Post

Exploring Partitioning in PostgreSQL

This post discusses performance optimization techniques using RANGE partitioning in PostgreSQL. It provides tips and examples to enhance data retrieval efficiency.

Exploring Partitioning in PostgreSQL

This content only covers RANGE partitioning.

The simplest way to optimize performance in a database is indexing. Most RDBMS use B-Tree due to its structure, allowing data to be read with a time complexity of O(logN).

log₂(1,000,000,000) is approximately 30. Searching through a billion data entries requires only 30 iterations!

However, indexing does not solve everything.

In the end, INSERT, UPDATE, DELETE operations require modifications to the index tree (causing I/O load, write amplification, etc.).

Additionally, sequential values (id, timestamp) are only inserted into the rightmost leaf page in a B-Tree structure. -> They compete to lock the latch of the page (Last Page Hotspot) => Potentially causing performance degradation.

Of course, this may vary depending on the RDBMS. PostgreSQL remembers the previously inserted page, and if it’s the ‘right leaf’, it caches the block and tries immediately. Re: pgsql: Optimize btree insertions for common case of increasing values Refer to the _bt_search_insert() part in the PostgreSQL Source Code.
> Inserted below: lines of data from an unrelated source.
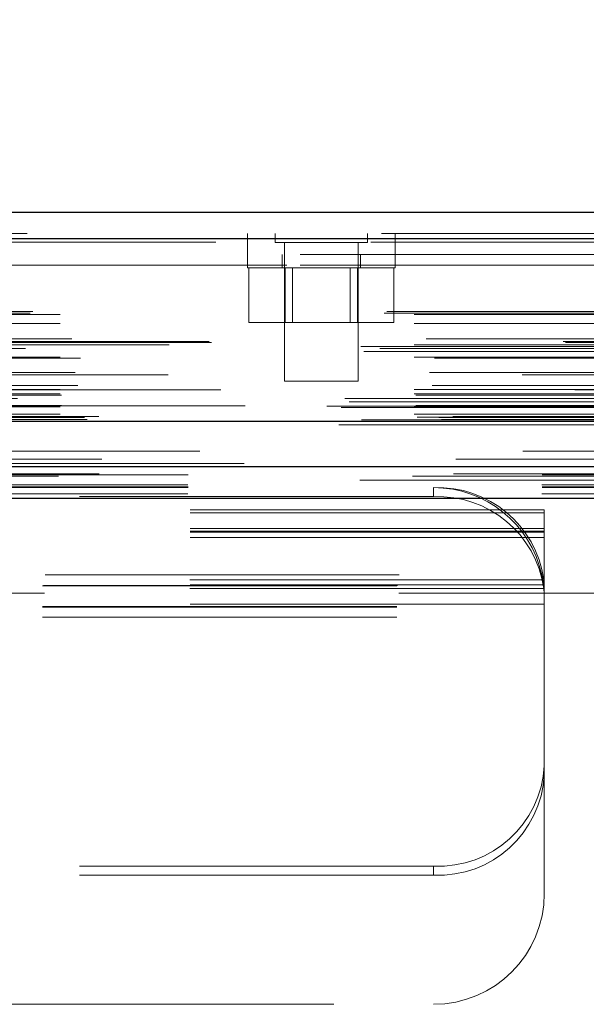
# Model space of a CAD drawing. Header units: inches. Extents: x 0.2 to 10.7, y 0.2 to 7.9.
# Tile 14 of 95: x 4.163 to 4.323, y 2.08 to 2.358. Entities that reach past the tile are written whole.
import ezdxf

# ---------------------------------------------------------------- set-up
doc = ezdxf.new("R2010")
doc.units = ezdxf.units.IN
doc.header["$MEASUREMENT"] = 0
doc.linetypes.add('HIDDEN', pattern=[0.07500000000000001, 0.05, -0.025])
doc.layers.add('DIMENSIONS', color=140, linetype='Continuous')
doc.styles.add('SLDTEXTSTYLE0', font='TXT', dxfattribs={"width": 0.7})
doc.dimstyles.new('SLDDIMSTYLE0', dxfattribs={"dimtxt": 0.0849609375, "dimasz": 0.13, "dimexe": 0, "dimexo": 0.0625, "dimgap": 0.021240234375, "dimtad": 0, "dimtih": 1, "dimtoh": 1, "dimlfac": 12, "dimrnd": 1e-09, "dimzin": 12, "dimdsep": 46, "dimtxsty": 'SLDTEXTSTYLE0', "dimsah": 1, "dimcen": 0.09, "dimadec": 0, "dimazin": 3, "dimtfac": 1, "dimtofl": 0, "dimtmove": 0, "dimatfit": 3, "dimfxl": 0, "dimfrac": 2, "dimtolj": 1, "dimtzin": 12, "dimarcsym": 0})

# ---------------------------------------------------------------- blocks, each defined once
blk = doc.blocks.new('_D_23')
at = {"layer": 'DIMENSIONS'}
for p, q in [((3.30907959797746, 2.273197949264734), (3.30907959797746, 2.694840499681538)), ((4.770579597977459, 2.273197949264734), (4.770579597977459, 2.694840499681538)), ((3.877471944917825, 2.649315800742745), (3.848941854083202, 2.649315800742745)), ((3.848941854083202, 2.649315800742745), (3.848941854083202, 2.514284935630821)), ((4.20062008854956, 2.649315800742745), (4.229150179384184, 2.649315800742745)), ((4.229150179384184, 2.649315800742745), (4.229150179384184, 2.514284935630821)), ((3.30907959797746, 2.569840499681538), (3.534054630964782, 2.569840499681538)), ((4.770579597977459, 2.569840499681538), (4.544037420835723, 2.569840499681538)), ((3.848941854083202, 2.514284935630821), (3.877471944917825, 2.514284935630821)), ((4.229150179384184, 2.514284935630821), (4.20062008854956, 2.514284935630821))]:
    blk.add_line(p, q, dxfattribs=at)
for points in [[(3.30907959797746, 2.569840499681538), (3.43907959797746, 2.549840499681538), (3.43907959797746, 2.589840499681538)], [(4.770579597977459, 2.569840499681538), (4.640579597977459, 2.589840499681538), (4.640579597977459, 2.549840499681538)]]:
    blk.add_solid(points, dxfattribs=at)
at = {"layer": 'DIMENSIONS', "char_height": 0.08333333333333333, "attachment_point": 1, "style": 'SLDTEXTSTYLE0'}
for s, insert in [('17.54', (3.877471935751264, 2.775758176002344)), ('445.5', (3.877471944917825, 2.621707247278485)), ('INSIDE OPENING', (3.553089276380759, 2.467656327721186))]:
    blk.add_mtext(s, dxfattribs=dict(at, insert=insert))

msp = doc.modelspace()

# ---------------------------------------------------------------- linework, layer by layer
at = {"color": 7, "linetype": 'Continuous', "lineweight": 25}
for p, q in [((3.264659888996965, 2.303959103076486), (4.814958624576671, 2.303959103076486)), ((3.261714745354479, 2.296521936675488), (4.81790376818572, 2.296521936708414)), ((3.252630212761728, 2.245000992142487), (4.826988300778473, 2.245000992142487)), ((3.310072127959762, 2.232197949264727), (4.769587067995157, 2.232197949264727)), ((3.310072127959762, 2.223197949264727), (4.769587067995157, 2.223197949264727))]:
    msp.add_line(p, q, dxfattribs=at)
at = {"color": 7, "linetype": 'HIDDEN', "lineweight": 18}
for p, q in [((4.817903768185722, 2.296521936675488), (3.261714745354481, 2.296521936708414)), ((3.264659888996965, 2.297959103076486), (4.814958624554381, 2.297959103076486)), ((4.226906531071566, 2.297959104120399), (4.226906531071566, 2.291959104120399)), ((4.234691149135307, 2.297959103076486), (4.234691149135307, 2.295354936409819)), ((4.260732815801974, 2.295354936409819), (4.260732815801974, 2.297959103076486)), ((4.268573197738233, 2.2919591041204), (4.268573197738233, 2.297959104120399)), ((3.261714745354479, 2.295480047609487), (4.817903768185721, 2.295480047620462)), ((4.817903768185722, 2.295480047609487), (3.261714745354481, 2.295480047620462)), ((4.234691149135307, 2.295354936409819), (4.260732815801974, 2.295354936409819)), ((4.237295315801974, 2.295354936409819), (4.237295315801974, 2.256292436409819)), ((4.258128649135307, 2.256292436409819), (4.258128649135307, 2.295354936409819)), ((4.741712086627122, 2.291959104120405), (3.337962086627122, 2.291959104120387)), ((4.226878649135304, 2.291959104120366), (4.226878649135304, 2.288209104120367)), ((4.236670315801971, 2.291959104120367), (4.236670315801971, 2.288209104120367)), ((4.258753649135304, 2.288209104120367), (4.258753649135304, 2.291959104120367)), ((4.268545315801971, 2.288209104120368), (4.268545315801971, 2.291959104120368)), ((3.337962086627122, 2.288959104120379), (4.741712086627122, 2.288959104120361)), ((3.337962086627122, 2.288959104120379), (4.741712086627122, 2.288959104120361)), ((4.741712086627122, 2.288959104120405), (3.337962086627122, 2.288959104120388)), ((4.741712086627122, 2.288959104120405), (3.337962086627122, 2.288959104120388)), ((4.226878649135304, 2.288209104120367), (4.268545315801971, 2.288209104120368)), ((4.227216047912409, 2.288209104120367), (4.227216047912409, 2.2727924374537)), ((4.237464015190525, 2.288209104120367), (4.237464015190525, 2.2727924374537)), ((4.23954948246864, 2.288209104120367), (4.239549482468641, 2.2727924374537)), ((4.255874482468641, 2.2727924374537), (4.255874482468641, 2.288209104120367)), ((4.257959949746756, 2.288209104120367), (4.257959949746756, 2.2727924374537)), ((4.268207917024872, 2.288209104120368), (4.268207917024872, 2.272792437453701)), ((3.265491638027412, 2.275471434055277), (4.814126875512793, 2.275471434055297)), ((3.266222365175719, 2.275904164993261), (4.813396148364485, 2.275904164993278)), ((3.273939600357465, 2.275070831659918), (4.80567891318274, 2.275070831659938)), ((3.273939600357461, 2.275070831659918), (4.805678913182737, 2.275070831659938)), ((3.273939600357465, 2.272538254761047), (4.80567891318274, 2.272538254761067)), ((4.227216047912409, 2.2727924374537), (4.237464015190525, 2.2727924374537)), ((4.237464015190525, 2.2727924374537), (4.257959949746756, 2.2727924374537)), ((4.257959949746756, 2.2727924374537), (4.268207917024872, 2.272792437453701)), ((3.277305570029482, 2.268230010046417), (4.802312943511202, 2.268230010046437)), ((3.258886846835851, 2.266038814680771), (4.820731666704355, 2.266038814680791)), ((4.816696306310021, 2.267207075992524), (3.262934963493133, 2.267207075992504)), ((4.816003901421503, 2.267450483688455), (3.263619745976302, 2.267450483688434)), ((3.264189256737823, 2.265454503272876), (4.815429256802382, 2.265454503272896)), ((3.273939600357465, 2.26650341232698), (4.805678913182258, 2.266503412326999)), ((4.804746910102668, 2.266510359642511), (3.274869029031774, 2.26651035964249)), ((3.259668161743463, 2.264580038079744), (4.81994308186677, 2.264580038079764)), ((3.273939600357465, 2.263058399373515), (4.80567891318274, 2.263058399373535)), ((3.279704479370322, 2.262740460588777), (4.799905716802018, 2.262740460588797)), ((4.804439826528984, 2.25805873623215), (3.275178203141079, 2.25805873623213)), ((3.278234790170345, 2.258733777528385), (4.80138372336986, 2.258733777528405)), ((3.278234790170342, 2.258733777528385), (4.801383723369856, 2.258733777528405)), ((3.273939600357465, 2.253887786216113), (4.80567891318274, 2.253887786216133)), ((3.278966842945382, 2.2549982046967), (4.800648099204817, 2.25499820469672)), ((4.237295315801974, 2.256292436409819), (4.258128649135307, 2.256292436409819)), ((3.254323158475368, 2.251364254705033), (4.825295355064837, 2.251364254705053)), ((4.819308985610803, 2.253764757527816), (3.26030015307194, 2.253764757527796)), ((3.261870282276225, 2.251395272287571), (4.817748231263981, 2.251395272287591)), ((3.273939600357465, 2.252714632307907), (4.80567891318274, 2.252714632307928)), ((3.273939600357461, 2.252714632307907), (4.805678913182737, 2.252714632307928)), ((3.274356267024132, 2.252297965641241), (4.805262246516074, 2.252297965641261)), ((3.249254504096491, 2.249226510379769), (4.830364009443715, 2.249226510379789)), ((3.249254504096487, 2.249226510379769), (4.830364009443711, 2.249226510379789)), ((3.253300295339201, 2.248801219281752), (4.826318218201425, 2.248801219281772)), ((4.826228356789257, 2.24931084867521), (3.253390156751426, 2.249310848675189)), ((3.255590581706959, 2.250415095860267), (4.823974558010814, 2.250415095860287)), ((3.273939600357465, 2.248964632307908), (4.80567891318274, 2.248964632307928)), ((3.273939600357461, 2.248964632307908), (4.805678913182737, 2.248964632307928)), ((3.274356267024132, 2.249381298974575), (4.805262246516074, 2.249381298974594)), ((3.273939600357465, 2.246891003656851), (4.80567891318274, 2.246891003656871)), ((3.273939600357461, 2.246891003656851), (4.805678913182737, 2.246891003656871)), ((3.274772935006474, 2.246047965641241), (4.804845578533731, 2.246047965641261)), ((3.27477293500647, 2.246047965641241), (4.804845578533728, 2.246047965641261)), ((3.280852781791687, 2.245977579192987), (4.798765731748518, 2.245977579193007)), ((3.280852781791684, 2.245977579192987), (4.798765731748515, 2.245977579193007)), ((4.784878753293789, 2.246292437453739), (3.294795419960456, 2.24629243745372)), ((3.252630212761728, 2.243959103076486), (4.826988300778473, 2.243959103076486)), ((3.258072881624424, 2.24492550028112), (4.821545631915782, 2.244925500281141)), ((3.258282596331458, 2.244898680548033), (4.821335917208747, 2.244898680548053)), ((3.259036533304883, 2.245377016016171), (4.820581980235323, 2.245377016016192)), ((3.259036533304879, 2.245377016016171), (4.820581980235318, 2.245377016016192)), ((3.281625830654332, 2.245430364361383), (4.797992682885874, 2.245430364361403)), ((3.281625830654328, 2.245430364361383), (4.79799268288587, 2.245430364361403)), ((3.285716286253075, 2.234238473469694), (4.793902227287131, 2.234238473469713)), ((3.273470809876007, 2.229387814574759), (4.806133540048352, 2.229387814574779)), ((3.285006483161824, 2.23011158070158), (4.79460851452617, 2.2301115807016)), ((3.310072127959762, 2.229816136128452), (4.769587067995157, 2.22981613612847)), ((3.309996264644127, 2.227001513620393), (4.769662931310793, 2.227001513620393)), ((3.310072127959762, 2.226197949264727), (4.769587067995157, 2.226197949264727)), ((4.279412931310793, 2.223662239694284), (4.279412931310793, 2.226197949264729)), ((3.309996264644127, 2.224465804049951), (4.769662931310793, 2.224465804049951)), ((4.279412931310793, 2.223662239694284), (3.800246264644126, 2.223662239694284)), ((3.310072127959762, 2.223197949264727), (4.769587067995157, 2.223197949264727)), ((3.310072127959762, 2.223197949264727), (4.769587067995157, 2.223197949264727)), ((3.310072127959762, 2.223197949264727), (4.769587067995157, 2.223197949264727)), ((3.310072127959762, 2.223197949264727), (4.769587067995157, 2.223197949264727)), ((3.310072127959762, 2.223197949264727), (4.769587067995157, 2.223197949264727)), ((4.310662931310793, 2.219894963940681), (3.768996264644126, 2.219894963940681)), ((4.310662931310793, 2.21905173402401), (3.768996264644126, 2.21905173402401)), ((4.310662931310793, 2.21905173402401), (4.310662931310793, 2.219894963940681)), ((4.310662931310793, 2.198766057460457), (4.310662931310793, 2.21905173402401)), ((4.310662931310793, 2.214698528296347), (3.768996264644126, 2.214698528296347)), ((4.310662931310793, 2.213894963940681), (3.768996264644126, 2.213894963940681)), ((4.310662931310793, 2.213613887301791), (3.768996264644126, 2.213613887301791)), ((4.310662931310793, 2.212162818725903), (3.768996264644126, 2.212162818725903)), ((3.769715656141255, 2.201614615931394), (4.309943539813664, 2.201614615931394)), ((3.769715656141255, 2.201614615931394), (4.309943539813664, 2.201614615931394)), ((4.310662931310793, 2.198766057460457), (3.768996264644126, 2.198766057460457)), ((3.768996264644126, 2.198484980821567), (4.310662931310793, 2.198484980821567)), ((4.310555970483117, 2.200217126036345), (3.769103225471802, 2.200217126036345)), ((3.769212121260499, 2.198614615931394), (4.31044707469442, 2.198614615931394)), ((4.31043250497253, 2.198735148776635), (4.310610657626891, 2.196506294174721)), ((4.310662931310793, 2.198499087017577), (4.310662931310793, 2.198766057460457)), ((4.310662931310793, 2.198499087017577), (4.310662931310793, 2.195500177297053)), ((4.769587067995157, 2.196364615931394), (3.310072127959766, 2.196364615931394)), ((4.310555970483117, 2.197681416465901), (3.769103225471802, 2.197681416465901)), ((4.310662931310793, 2.195500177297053), (4.310662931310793, 2.194947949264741)), ((4.310662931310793, 2.193328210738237), (3.768996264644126, 2.193328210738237)), ((4.310662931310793, 2.194947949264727), (4.310662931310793, 2.189614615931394)), ((3.768996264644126, 2.192614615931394), (4.310662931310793, 2.192614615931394)), ((3.768996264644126, 2.192484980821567), (4.310662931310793, 2.192484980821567)), ((3.768996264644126, 2.189614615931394), (4.310662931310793, 2.189614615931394)), ((3.768996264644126, 2.189614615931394), (4.310662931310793, 2.189614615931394)), ((4.310662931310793, 2.189614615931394), (4.310662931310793, 2.111614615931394)), ((4.279412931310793, 2.11938515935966), (4.15126709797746, 2.11938515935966)), ((4.279412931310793, 2.11938515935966), (4.279412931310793, 2.116849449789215)), ((4.279412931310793, 2.116849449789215), (4.15126709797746, 2.116849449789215)), ((4.15126709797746, 2.080364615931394), (4.279412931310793, 2.080364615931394))]:
    msp.add_line(p, q, dxfattribs=at)
at = {"color": 7, "linetype": 'HIDDEN', "lineweight": 18, "flags": 128}
for points in [[(4.813394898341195, 2.236507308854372), (4.052466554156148, 2.23650765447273), (3.26622687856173, 2.23650730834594)], [(4.804625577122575, 2.236525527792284), (4.052466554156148, 2.236525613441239), (3.274989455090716, 2.236525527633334)], [(4.825928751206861, 2.232967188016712), (4.006562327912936, 2.2329669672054), (3.253683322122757, 2.232967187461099)], [(4.825936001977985, 2.232967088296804), (4.104539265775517, 2.232963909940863), (3.253684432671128, 2.232967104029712)], [(3.285011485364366, 2.230111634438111), (4.027152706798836, 2.23011235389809), (4.794633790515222, 2.230111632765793)], [(3.258566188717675, 2.228270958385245), (4.027146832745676, 2.228270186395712), (4.821067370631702, 2.228270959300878)], [(3.310072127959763, 2.226380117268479), (4.027146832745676, 2.226379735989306), (4.769587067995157, 2.226380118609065)]]:
    msp.add_lwpolyline(points, dxfattribs=at)
at = {"color": 7, "linetype": 'HIDDEN', "lineweight": 18}
for centre, radius, start, end in [((4.28065439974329, 2.196030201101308), 0.03019328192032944, 7.970935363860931, 92.35651625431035), ((4.279412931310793, 2.194947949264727), 0.03125000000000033, 12.31776598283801, 90), ((4.28065439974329, 2.193494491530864), 0.03019328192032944, 7.970935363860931, 92.35651625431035), ((4.280808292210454, 2.149246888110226), 0.02989431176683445, 267.324663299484, 357.0478590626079), ((4.280808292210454, 2.146711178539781), 0.02989431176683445, 267.324663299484, 357.0478590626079), ((4.279412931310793, 2.111614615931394), 0.03125, 270.0000000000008, 0)]:
    msp.add_arc(centre, radius, start, end, dxfattribs=at)
for points in [[(4.31044707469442, 2.198614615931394), (4.31044707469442, 2.198614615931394), (4.310437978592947, 2.198693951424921), (4.310399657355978, 2.19899873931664), (4.310370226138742, 2.199224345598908), (4.310288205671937, 2.199781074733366), (4.310234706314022, 2.200116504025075), (4.310105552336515, 2.200835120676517), (4.31002868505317, 2.201224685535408), (4.309943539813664, 2.201614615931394)], [(4.310662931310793, 2.194947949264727), (4.310662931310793, 2.195518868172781), (4.310647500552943, 2.196029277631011), (4.310603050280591, 2.196933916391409), (4.31057370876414, 2.197328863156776), (4.31051905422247, 2.197959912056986), (4.310493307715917, 2.198203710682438), (4.310457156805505, 2.198532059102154), (4.31044707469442, 2.198614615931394), (4.31044707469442, 2.198614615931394)], [(4.310555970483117, 2.200217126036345), (4.310577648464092, 2.199980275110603), (4.310595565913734, 2.199762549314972), (4.310624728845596, 2.199364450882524), (4.310635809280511, 2.19918553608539), (4.310651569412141, 2.198886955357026), (4.31065648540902, 2.198763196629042), (4.310662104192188, 2.1985829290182), (4.310662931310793, 2.198524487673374), (4.310662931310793, 2.198499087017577)]]:
    msp.add_open_spline(points, degree=3, knots=[0, 0, 0, 0, 0.25, 0.25, 0.5, 0.5, 0.75, 0.75, 1, 1, 1, 1], dxfattribs=at)

# ---------------------------------------------------------------- dimensions: what is measured, and where the dimension line sits
at = {"layer": 'DIMENSIONS'}
dim = msp.add_linear_dim(base=(4.770579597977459, 2.569840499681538), p1=(3.30907959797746, 2.223197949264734), p2=(4.770579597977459, 2.223197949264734), text='<>\\PINSIDE OPENING', dimstyle='SLDDIMSTYLE0', dxfattribs=at)
dim.commit()
dim.dimension.update_dxf_attribs({"geometry": '_D_23', "text_midpoint": (4.039046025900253, 2.569840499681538), "dimtype": 160})

doc.saveas('drawing.dxf')

  • It checks if the page is still the rightmost leaf page, if there is enough space to insert the new tuple, and if the key being inserted is greater than the highest key on the page. -> If it passes the process, it returns NULL, caching the existing block.

Anyway, if you feel the limitations of indexes or if your data characteristics are like the ones below, consider applying partitioning.

If data does not require querying all entries?

  • Data for users’ daily or monthly service usage: credits, cookies, points, etc.
  • Archive data: user activity log, admin user audit log, data change history

Not all table data is used, so there’s no need to manage or process them together.

Table Structure

Limitations of a Single Table

  • A single logical table maps onto a single heap file set on the disk, storing all tuples of the table. When INSERT occurs, data is placed sequentially in the empty spaces of the heap file, and the index stores these addresses.

If such a heap file exceeds a certain size (default 1 GB), a new heap file is created, and data continues to be stored. (This collection of files is the heap file set) -> As the table grows, the size of these files can reach hundreds of GB or TB.

  • Without an index, there is a possibility of causing enormous disk I/O and exhausting available I/O bandwidth. Even if using an index to find files, we must access all the scattered data blocks throughout the heap file set to retrieve actual data. -> Causes potential random I/O due to nonstop disk head movement

  • Due to the nature of PostgreSQL, VACUUM tasks occur to clean up dead tuples. Such VACUUM tasks also scan the entire table. (What if it’s a FULL VACUUM?)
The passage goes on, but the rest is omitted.